What would this be useful for

This is useful if you have many processes that might make use of a file and you need to update it to a new version.

This would be useful for shared caches (such as /etc/ld.so.cache) which can't use a lock file to synchronise updates either for performance or legacy client reasons.

It can also be used to atomically upgrade a service running on a unix socket, by starting the new version of the service on a temporary socket then renaming it into place, then closing and removing the old socket.
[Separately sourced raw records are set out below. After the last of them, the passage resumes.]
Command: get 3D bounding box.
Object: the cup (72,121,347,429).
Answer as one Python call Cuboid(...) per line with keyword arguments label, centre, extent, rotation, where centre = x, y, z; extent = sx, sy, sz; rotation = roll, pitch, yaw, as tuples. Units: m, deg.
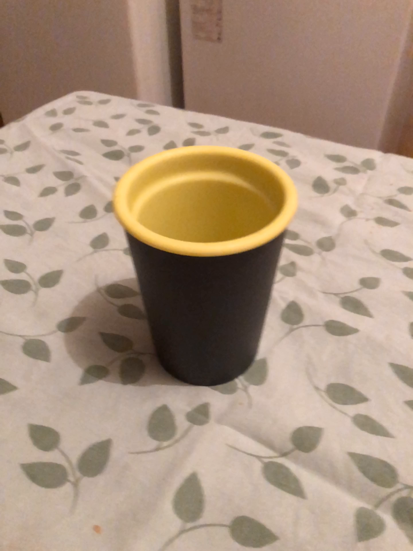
Cuboid(label="cup", centre=(0.001, -0.004, 0.250), extent=(0.090, 0.109, 0.090), rotation=(0, 43, 0))
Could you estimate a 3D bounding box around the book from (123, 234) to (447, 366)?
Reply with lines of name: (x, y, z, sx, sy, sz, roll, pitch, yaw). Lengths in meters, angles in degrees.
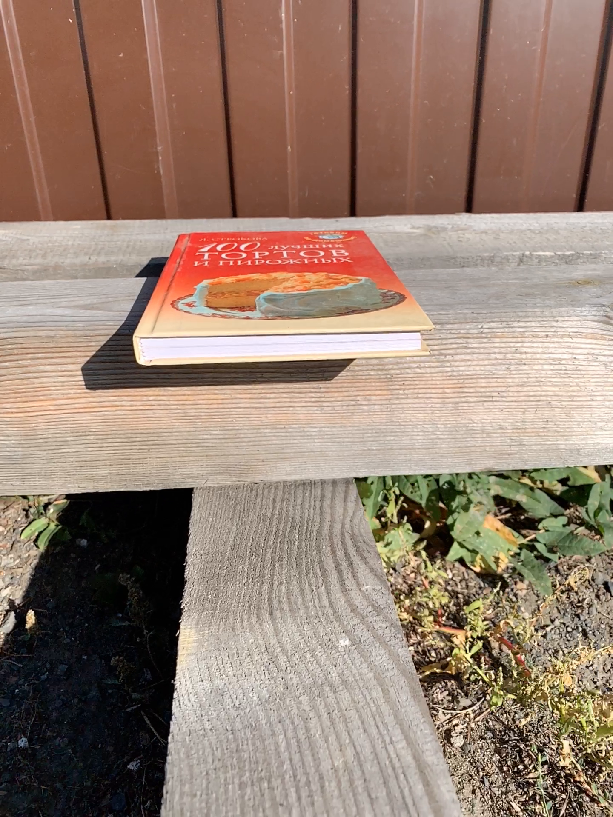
book: (-0.017, -0.076, 0.381, 0.143, 0.017, 0.219, -2, 25, -4)

With care this can be generalised up to a directory with no subdirectories by hard-linking the contents into a temporary directory, making whatever changes are necessary, then swapping directories and unlinking the temporary directory and contents.

This doesn't work for subdirectories because you can't have a directory hardlink and if any of those subdirectories were in use you would get very different results if they were using that directory instead of your new version of that directory.